The later Fluge & Mella negative 2019 phase III multi-center rituximab study would have had much fewer Giardia lamblia patients (because it was conducted in several other cities, not just Bergen).

On the assumption that rituximab works for Giardia lamblia ME/CFS, if there were Giardia lamblia patients in the two phase II studies, this might explain why these studies were positive, whereas the later phase III study was negative.




In 2004 in Bergen Norway, there was a major outbreak of giardiasis (Giardia lamblia infection) resulting from sewage contamination of the drinking water supply, which affected an estimated 2500 people (with 1300 actual laboratory-confirmed cases of giardiasis).

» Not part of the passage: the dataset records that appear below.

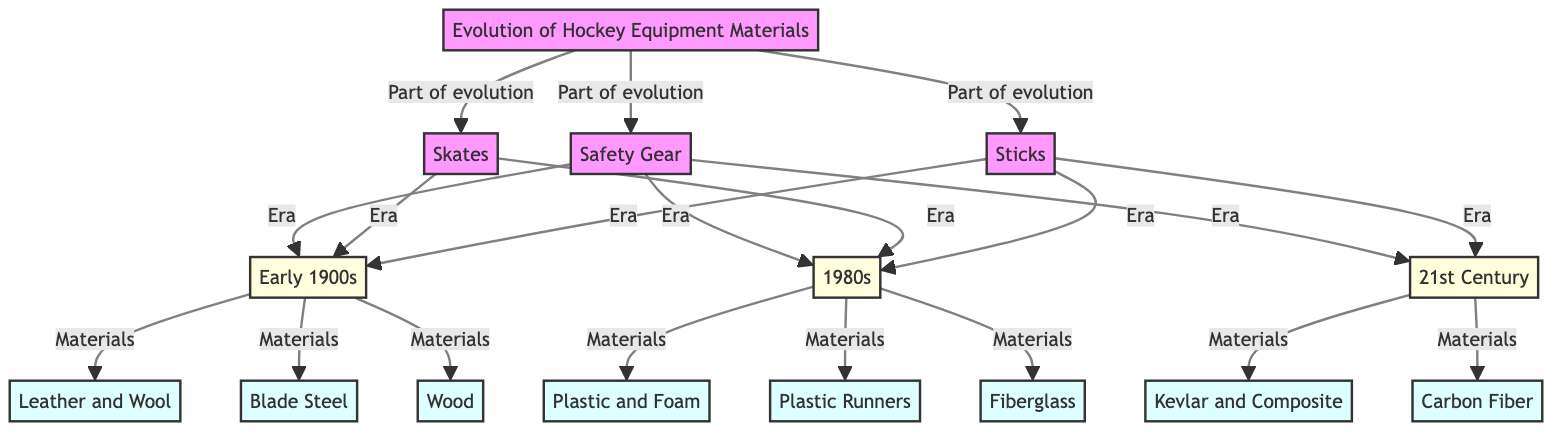What materials were used in safety gear during the early 1900s? The flowchart indicates that the materials used for safety gear in the early 1900s were leather and wool, which can be found under the 'Safety Gear' section connected to the 'Early 1900s' node.
Answer: Leather and Wool How many eras are identified in the evolution of skates? The diagram outlines three distinct eras for skates: Early 1900s, 1980s, and 21st Century. Each era leads to a different material noted under the 'Skates' section.
Answer: 3 What material is associated with skates from the 1980s? The diagram specifies that in the 1980s, the material used for skates was plastic runners. This information can be located under the 'Skates' section connected to the '1980s' node.
Answer: Plastic Runners What are the materials used for sticks in the 21st Century? According to the diagram, sticks in the 21st Century use carbon fiber as the material. This is linked through the 'Sticks' section and its connection to the '21st Century' node.
Answer: Carbon Fiber Which material replaced wood in the evolution of sticks? The flowchart shows that fiberglass came after wood as the material for sticks, specifically noted under the 1980s era, following the transition from wood used in the early 1900s.
Answer: Fiberglass What materials were used for safety gear in the 21st Century? The diagram indicates that in the 21st Century, safety gear is made from Kevlar and composite materials, which are found in the corresponding section for safety gear with the label '21st Century'.
Answer: Kevlar and Composite What is the relationship between sticks and skates in terms of eras? The diagram shows that both sticks and skates share the same eras: Early 1900s, 1980s, and 21st Century, indicating that both types of equipment evolved over the same timeline.
Answer: Shared Eras How many materials are listed for each category of hockey equipment? The diagram displays four materials listed for safety gear, four for skates, and three for sticks, hence there are varying numbers depending on the type of equipment.
Answer: Varies by Category

Bergen of course is the city where Oystein Fluge and Olav Mella conducted their phase II rituximab studies.

From March 2009 to March 2010, five years after the giardiasis outbreak, 253 patients who had been suffering chronic fatigue symptoms ever since their giardiasis were recruited to participate in a 2013 study at Haukeland University Hospital in Bergen. The study concluded that 41.5% of the participants had ME/CFS by the CDC Fukuda criteria.

So lots of patients with Giardia lamblia-triggered ME/CFS were attending the Haukeland University Hospital at the time Fluge & Mella were conducting their phase II rituximab trials at Haukeland. The Fluge & Mella 2011 phase II trial recruited ME/CFS patients referred to the Department of Neurology, Haukeland University Hospital, from June 2008 to June 2009.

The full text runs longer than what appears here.